Lauren Charles, Pacific Northwest National Laboratory 
*Karl Pazdernik, Pacific Northwest National Laboratory 

Keywords: Anomaly, biosurveillance, cosine distance, natural language processing, semi-supervised learning, term frequency-inverse document frequency

Disease can cripple a population, particularly when possessing severe characteristics, such as being highly contagious or deadly. Given today’s high rate of international traffic, maintaining a healthy and safe ecosystem requires a global approach to monitoring biological threats. Bio-surveillance analysts have long monitored the state of world health through news articles on the internet, however, the vast corpus of available documents make a thorough review of each costly and often impossible.
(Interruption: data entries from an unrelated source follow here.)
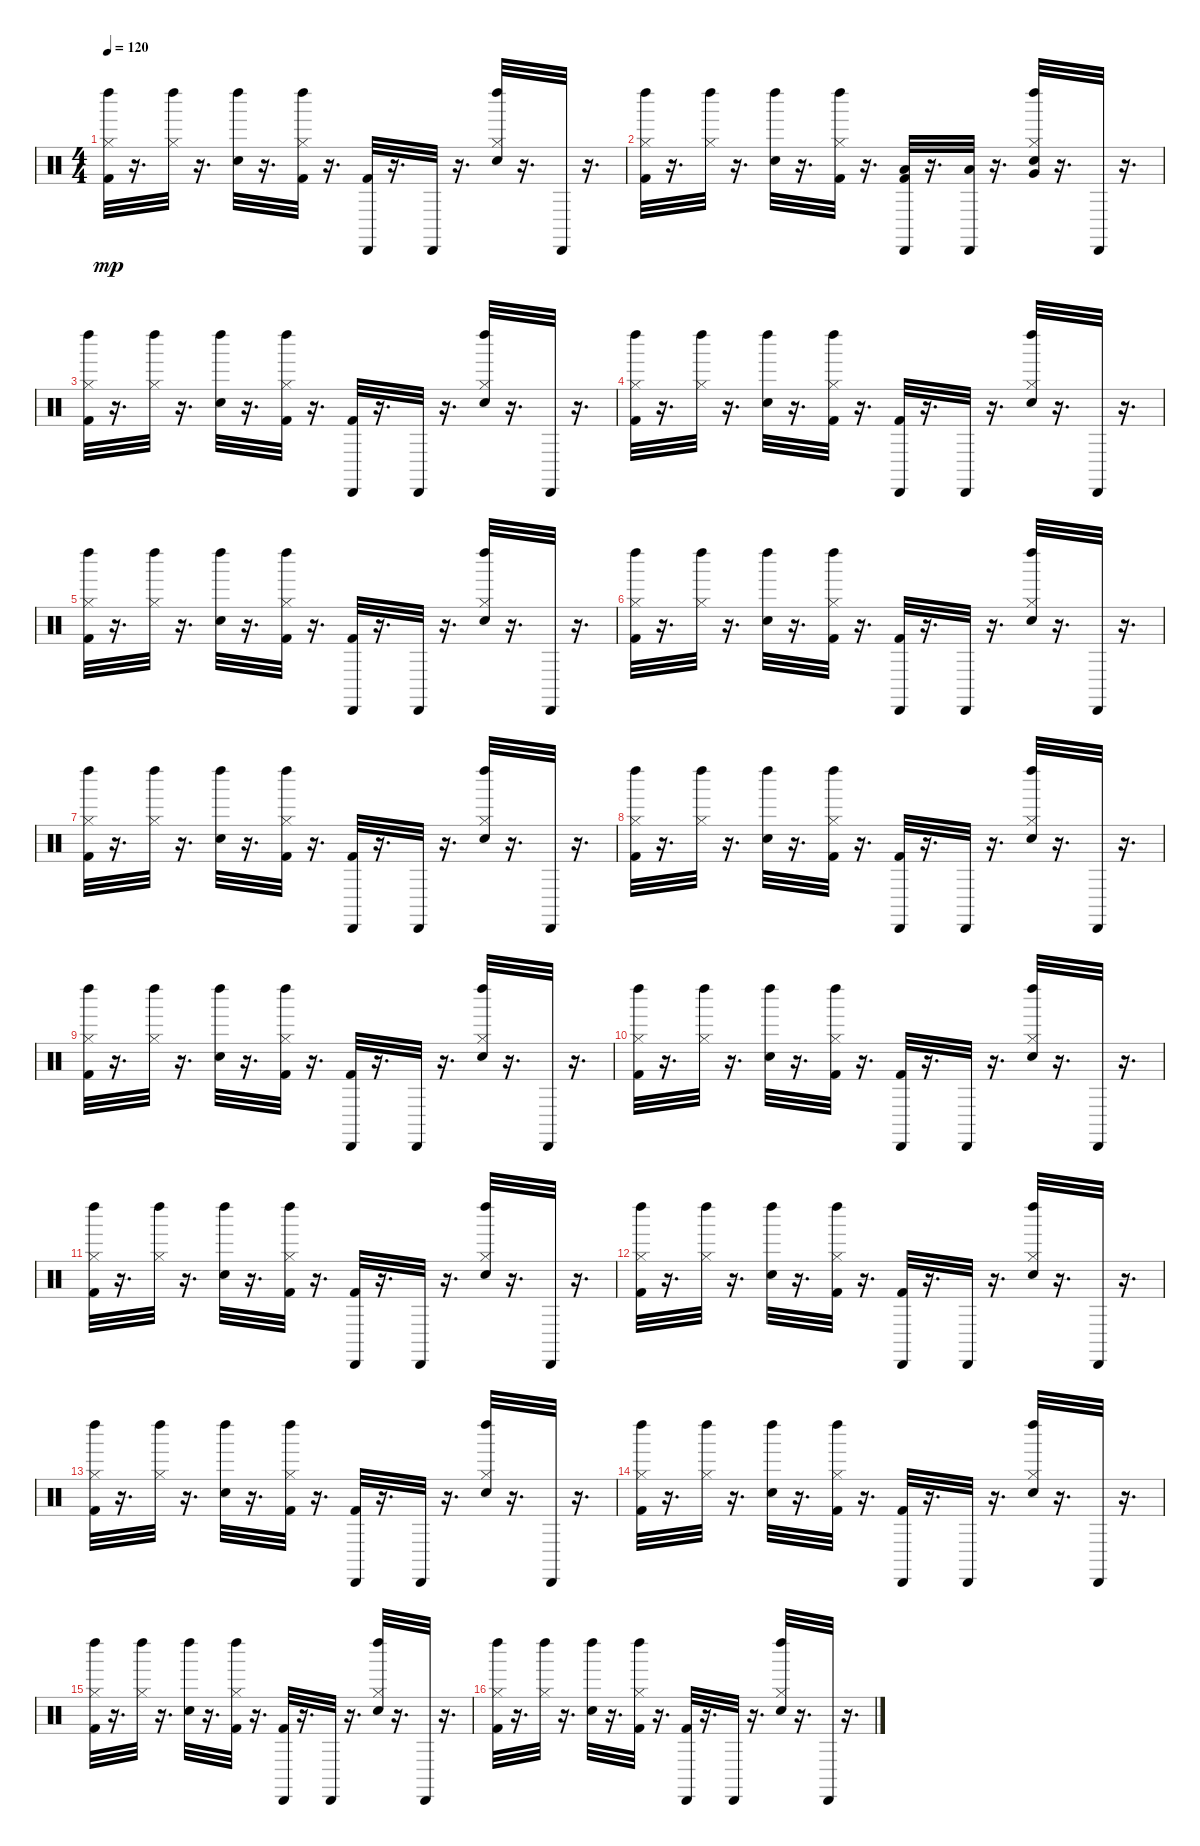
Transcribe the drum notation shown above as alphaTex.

\track "" {instrument percussion}
\staff {score}
\articulation defaults
\ts (4 4)
\tempo 120
\clef neutral
\ks c
("Left Maraca (hit)" "Hi-Hat (closed)" "Kick (hit) 2").32{dy mp} r.16{d} ("Left Maraca (hit)" "Hi-Hat (closed)").32 r.16{d} ("Left Maraca (hit)" "Electric Snare (hit)").32 r.16{d} ("Kick (hit) 2" "Left Maraca (hit)" "Hi-Hat (closed)").32 r.16{d} ("Kick (hit) 2" "Cabasa (hit)").32 r.16{d} "Cabasa (hit)".32 r.16{d} ("Hi-Hat (closed)" "Left Maraca (hit)" "Electric Snare (hit)").32 r.16{d} "Cabasa (hit)".32 r.16{d} |
("Left Maraca (hit)" "Hi-Hat (closed)" "Kick (hit) 2").32 r.16{d} ("Left Maraca (hit)" "Hi-Hat (closed)").32 r.16{d} ("Left Maraca (hit)" "Electric Snare (hit)").32 r.16{d} ("Kick (hit) 2" "Left Maraca (hit)" "Hi-Hat (closed)").32 r.16{d} ("Low Tom (hit)" "Kick (hit) 2" "Cabasa (hit)").32 r.16{d} ("Low Tom (hit)" "Cabasa (hit)").32 r.16{d} ("Very Low Tom (hit)" "Hi-Hat (closed)" "Left Maraca (hit)" "Electric Snare (hit)").32 r.16{d} "Cabasa (hit)".32 r.16{d} |
("Left Maraca (hit)" "Hi-Hat (closed)" "Kick (hit) 2").32 r.16{d} ("Left Maraca (hit)" "Hi-Hat (closed)").32 r.16{d} ("Left Maraca (hit)" "Electric Snare (hit)").32 r.16{d} ("Kick (hit) 2" "Left Maraca (hit)" "Hi-Hat (closed)").32 r.16{d} ("Kick (hit) 2" "Cabasa (hit)").32 r.16{d} "Cabasa (hit)".32 r.16{d} ("Hi-Hat (closed)" "Left Maraca (hit)" "Electric Snare (hit)").32 r.16{d} "Cabasa (hit)".32 r.16{d} |
("Left Maraca (hit)" "Hi-Hat (closed)" "Kick (hit) 2").32 r.16{d} ("Left Maraca (hit)" "Hi-Hat (closed)").32 r.16{d} ("Left Maraca (hit)" "Electric Snare (hit)").32 r.16{d} ("Kick (hit) 2" "Left Maraca (hit)" "Hi-Hat (closed)").32 r.16{d} ("Kick (hit) 2" "Cabasa (hit)").32 r.16{d} "Cabasa (hit)".32 r.16{d} ("Hi-Hat (closed)" "Left Maraca (hit)" "Electric Snare (hit)").32 r.16{d} "Cabasa (hit)".32 r.16{d} |
("Left Maraca (hit)" "Hi-Hat (closed)" "Kick (hit) 2").32 r.16{d} ("Left Maraca (hit)" "Hi-Hat (closed)").32 r.16{d} ("Left Maraca (hit)" "Electric Snare (hit)").32 r.16{d} ("Kick (hit) 2" "Left Maraca (hit)" "Hi-Hat (closed)").32 r.16{d} ("Kick (hit) 2" "Cabasa (hit)").32 r.16{d} "Cabasa (hit)".32 r.16{d} ("Hi-Hat (closed)" "Left Maraca (hit)" "Electric Snare (hit)").32 r.16{d} "Cabasa (hit)".32 r.16{d} |
("Left Maraca (hit)" "Hi-Hat (closed)" "Kick (hit) 2").32 r.16{d} ("Left Maraca (hit)" "Hi-Hat (closed)").32 r.16{d} ("Left Maraca (hit)" "Electric Snare (hit)").32 r.16{d} ("Kick (hit) 2" "Left Maraca (hit)" "Hi-Hat (closed)").32 r.16{d} ("Kick (hit) 2" "Cabasa (hit)").32 r.16{d} "Cabasa (hit)".32 r.16{d} ("Hi-Hat (closed)" "Left Maraca (hit)" "Electric Snare (hit)").32 r.16{d} "Cabasa (hit)".32 r.16{d} |
("Left Maraca (hit)" "Hi-Hat (closed)" "Kick (hit) 2").32 r.16{d} ("Left Maraca (hit)" "Hi-Hat (closed)").32 r.16{d} ("Left Maraca (hit)" "Electric Snare (hit)").32 r.16{d} ("Kick (hit) 2" "Left Maraca (hit)" "Hi-Hat (closed)").32 r.16{d} ("Kick (hit) 2" "Cabasa (hit)").32 r.16{d} "Cabasa (hit)".32 r.16{d} ("Hi-Hat (closed)" "Left Maraca (hit)" "Electric Snare (hit)").32 r.16{d} "Cabasa (hit)".32 r.16{d} |
("Left Maraca (hit)" "Hi-Hat (closed)" "Kick (hit) 2").32 r.16{d} ("Left Maraca (hit)" "Hi-Hat (closed)").32 r.16{d} ("Left Maraca (hit)" "Electric Snare (hit)").32 r.16{d} ("Kick (hit) 2" "Left Maraca (hit)" "Hi-Hat (closed)").32 r.16{d} ("Kick (hit) 2" "Cabasa (hit)").32 r.16{d} "Cabasa (hit)".32 r.16{d} ("Hi-Hat (closed)" "Left Maraca (hit)" "Electric Snare (hit)").32 r.16{d} "Cabasa (hit)".32 r.16{d} |
("Left Maraca (hit)" "Hi-Hat (closed)" "Kick (hit) 2").32 r.16{d} ("Left Maraca (hit)" "Hi-Hat (closed)").32 r.16{d} ("Left Maraca (hit)" "Electric Snare (hit)").32 r.16{d} ("Kick (hit) 2" "Left Maraca (hit)" "Hi-Hat (closed)").32 r.16{d} ("Kick (hit) 2" "Cabasa (hit)").32 r.16{d} "Cabasa (hit)".32 r.16{d} ("Hi-Hat (closed)" "Left Maraca (hit)" "Electric Snare (hit)").32 r.16{d} "Cabasa (hit)".32 r.16{d} |
("Left Maraca (hit)" "Hi-Hat (closed)" "Kick (hit) 2").32 r.16{d} ("Left Maraca (hit)" "Hi-Hat (closed)").32 r.16{d} ("Left Maraca (hit)" "Electric Snare (hit)").32 r.16{d} ("Kick (hit) 2" "Left Maraca (hit)" "Hi-Hat (closed)").32 r.16{d} ("Kick (hit) 2" "Cabasa (hit)").32 r.16{d} "Cabasa (hit)".32 r.16{d} ("Hi-Hat (closed)" "Left Maraca (hit)" "Electric Snare (hit)").32 r.16{d} "Cabasa (hit)".32 r.16{d} |
("Left Maraca (hit)" "Hi-Hat (closed)" "Kick (hit) 2").32 r.16{d} ("Left Maraca (hit)" "Hi-Hat (closed)").32 r.16{d} ("Left Maraca (hit)" "Electric Snare (hit)").32 r.16{d} ("Kick (hit) 2" "Left Maraca (hit)" "Hi-Hat (closed)").32 r.16{d} ("Kick (hit) 2" "Cabasa (hit)").32 r.16{d} "Cabasa (hit)".32 r.16{d} ("Hi-Hat (closed)" "Left Maraca (hit)" "Electric Snare (hit)").32 r.16{d} "Cabasa (hit)".32 r.16{d} |
("Left Maraca (hit)" "Hi-Hat (closed)" "Kick (hit) 2").32 r.16{d} ("Left Maraca (hit)" "Hi-Hat (closed)").32 r.16{d} ("Left Maraca (hit)" "Electric Snare (hit)").32 r.16{d} ("Kick (hit) 2" "Left Maraca (hit)" "Hi-Hat (closed)").32 r.16{d} ("Kick (hit) 2" "Cabasa (hit)").32 r.16{d} "Cabasa (hit)".32 r.16{d} ("Hi-Hat (closed)" "Left Maraca (hit)" "Electric Snare (hit)").32 r.16{d} "Cabasa (hit)".32 r.16{d} |
("Left Maraca (hit)" "Hi-Hat (closed)" "Kick (hit) 2").32 r.16{d} ("Left Maraca (hit)" "Hi-Hat (closed)").32 r.16{d} ("Left Maraca (hit)" "Electric Snare (hit)").32 r.16{d} ("Kick (hit) 2" "Left Maraca (hit)" "Hi-Hat (closed)").32 r.16{d} ("Kick (hit) 2" "Cabasa (hit)").32 r.16{d} "Cabasa (hit)".32 r.16{d} ("Hi-Hat (closed)" "Left Maraca (hit)" "Electric Snare (hit)").32 r.16{d} "Cabasa (hit)".32 r.16{d} |
("Left Maraca (hit)" "Hi-Hat (closed)" "Kick (hit) 2").32 r.16{d} ("Left Maraca (hit)" "Hi-Hat (closed)").32 r.16{d} ("Left Maraca (hit)" "Electric Snare (hit)").32 r.16{d} ("Kick (hit) 2" "Left Maraca (hit)" "Hi-Hat (closed)").32 r.16{d} ("Kick (hit) 2" "Cabasa (hit)").32 r.16{d} "Cabasa (hit)".32 r.16{d} ("Hi-Hat (closed)" "Left Maraca (hit)" "Electric Snare (hit)").32 r.16{d} "Cabasa (hit)".32 r.16{d} |
("Left Maraca (hit)" "Hi-Hat (closed)" "Kick (hit) 2").32 r.16{d} ("Left Maraca (hit)" "Hi-Hat (closed)").32 r.16{d} ("Left Maraca (hit)" "Electric Snare (hit)").32 r.16{d} ("Kick (hit) 2" "Left Maraca (hit)" "Hi-Hat (closed)").32 r.16{d} ("Kick (hit) 2" "Cabasa (hit)").32 r.16{d} "Cabasa (hit)".32 r.16{d} ("Hi-Hat (closed)" "Left Maraca (hit)" "Electric Snare (hit)").32 r.16{d} "Cabasa (hit)".32 r.16{d} |
("Left Maraca (hit)" "Hi-Hat (closed)" "Kick (hit) 2").32 r.16{d} ("Left Maraca (hit)" "Hi-Hat (closed)").32 r.16{d} ("Left Maraca (hit)" "Electric Snare (hit)").32 r.16{d} ("Kick (hit) 2" "Left Maraca (hit)" "Hi-Hat (closed)").32 r.16{d} ("Kick (hit) 2" "Cabasa (hit)").32 r.16{d} "Cabasa (hit)".32 r.16{d} ("Hi-Hat (closed)" "Left Maraca (hit)" "Electric Snare (hit)").32 r.16{d} "Cabasa (hit)".32 r.16{d}

Recent research has focused on the development of automated systems to retrieve documents and even identify active public health events, however, this work is not designed to detect anomalous behavior that often exists within an event timeline. To best monitor biosurveillance, identification of anomalous behavior, such as the geographic spread of disease or a change in disease transmission, is also necessary. Thus, in this work, we present natural language processing algorithms that couple term frequency-inverse document frequency (tf-idf), cosine distance, and a variety of unsupervised and semi-supervised techniques to detect anomalous behavior in online health-related documents in a streaming fashion. We illustrate the effects of structuring document data in varying dimensions and describe how the algorithm can be tuned to balance the rate of false positive and false negative anomaly detection.